Dictyomeridium neureuterae is a species of corticolous (bark-dwelling) lichen in the family Trypetheliaceae. Found on Ōtata Island in the Noises group of islands in the Hauraki Gulf of New Zealand, it was formally described as a new species in 2024. The lichen has been found on the bark of Pseudopanax lessonii.

== Description ==

Dictyomeridium neureuterae is corticolous, and has a crustose thallus. It is whitish-green in colour while alive, which becomes pale brown when stored. The species can be distinguished from other members of Dictyomeridium due to the presence of a UV- thallus, no ostiolar pigment, non-amyloid and I- ascospores in the sie range of 25–42 × 10–20 μm, asci containing eight spores and prominent ascomata.
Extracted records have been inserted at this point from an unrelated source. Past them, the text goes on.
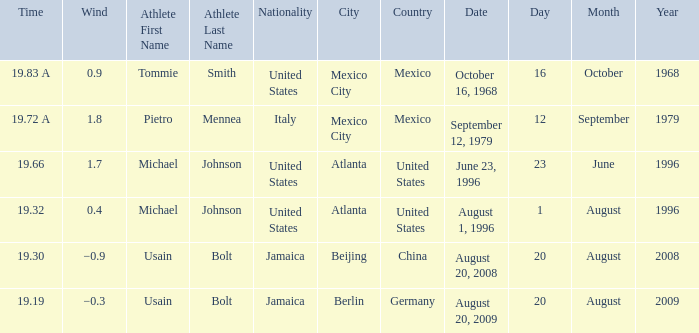What's the wind when the time was 19.32? 0.4. 
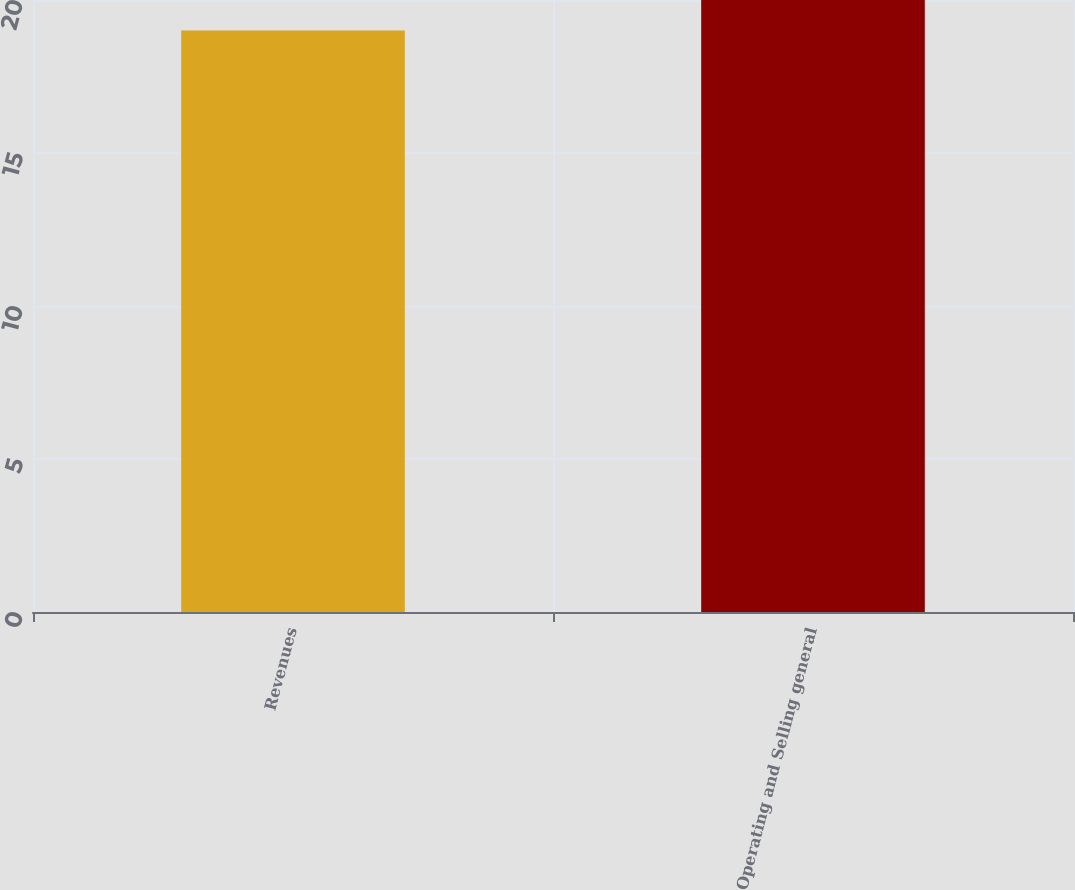Convert chart to OTSL. <chart><loc_0><loc_0><loc_500><loc_500><bar_chart><fcel>Revenues<fcel>Operating and Selling general<nl><fcel>19<fcel>20<nl></chart> 
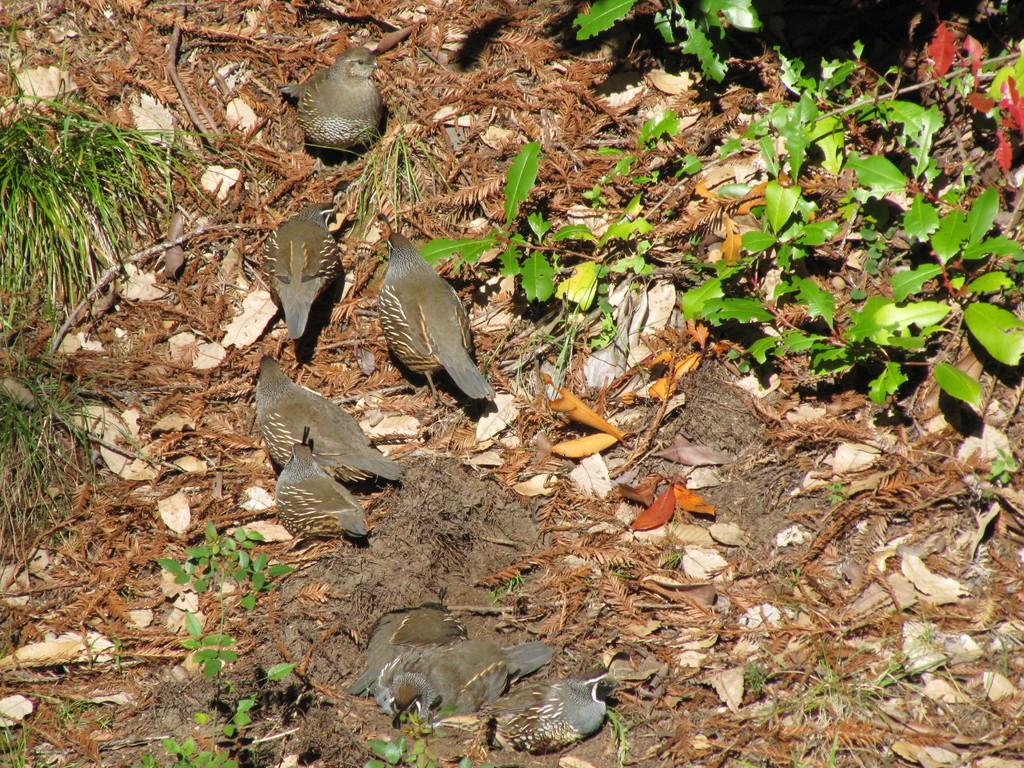What is located in the center of the image? There are birds in the center of the image. What can be seen on the ground in the image? There are dry leaves on the ground in the image. What type of vegetation is present in the image? There are plants in the image. What type of education is being offered in the room depicted in the image? There is no room or any indication of education in the image; it features birds and plants. 
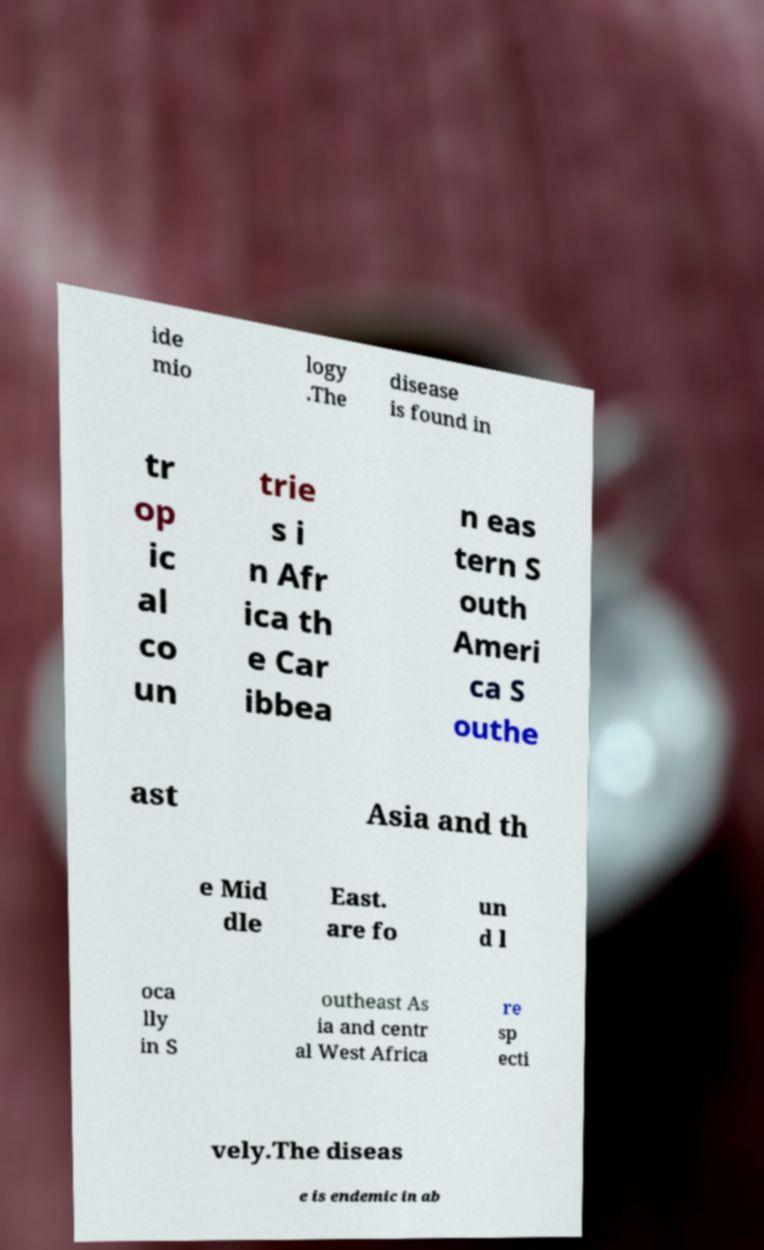For documentation purposes, I need the text within this image transcribed. Could you provide that? ide mio logy .The disease is found in tr op ic al co un trie s i n Afr ica th e Car ibbea n eas tern S outh Ameri ca S outhe ast Asia and th e Mid dle East. are fo un d l oca lly in S outheast As ia and centr al West Africa re sp ecti vely.The diseas e is endemic in ab 
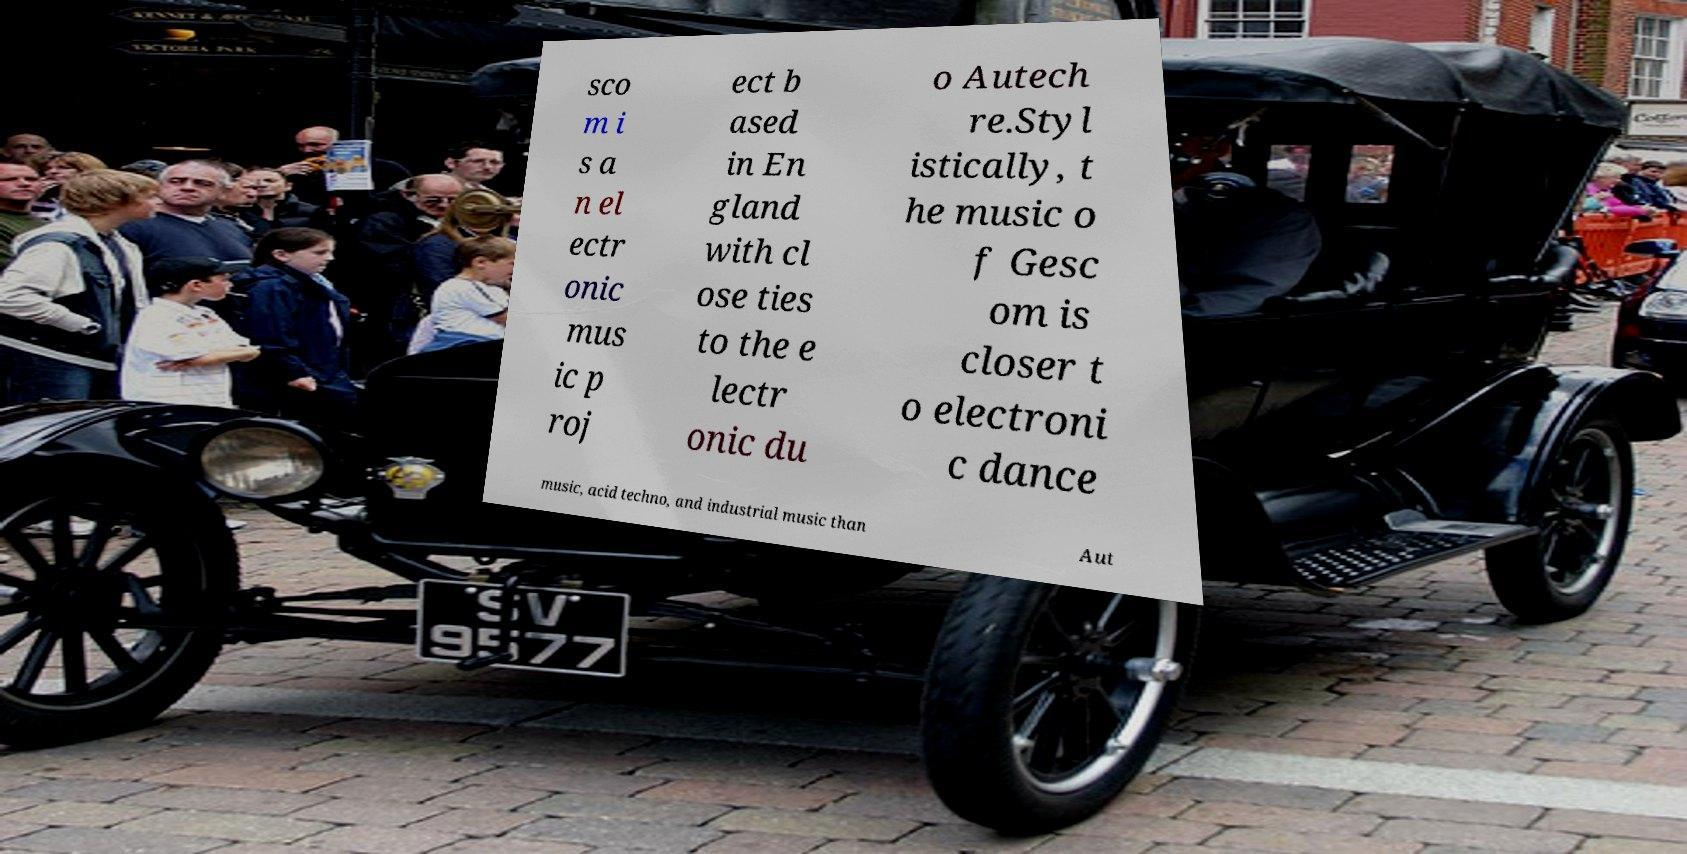For documentation purposes, I need the text within this image transcribed. Could you provide that? sco m i s a n el ectr onic mus ic p roj ect b ased in En gland with cl ose ties to the e lectr onic du o Autech re.Styl istically, t he music o f Gesc om is closer t o electroni c dance music, acid techno, and industrial music than Aut

== Taxonomy and etymology ==

The species was described in 2024 by Andrew J. Marshall, André Aptroot, Peter de Lange and Dan Blanchon. The type specimen was collected by Andrew J. Marshall from Ōtata Island in the Noises in January 2021, and is held at the Unitec Institute of Technology herbarium. The species epithet honours naturalist Sue Neureuter, who is one of the custodians of The Noises islands group.

== Distribution and habitat ==

Currently, the species is only known to occur on Ōtata Island in the Noises, on the bark of Pseudopanax lessonii.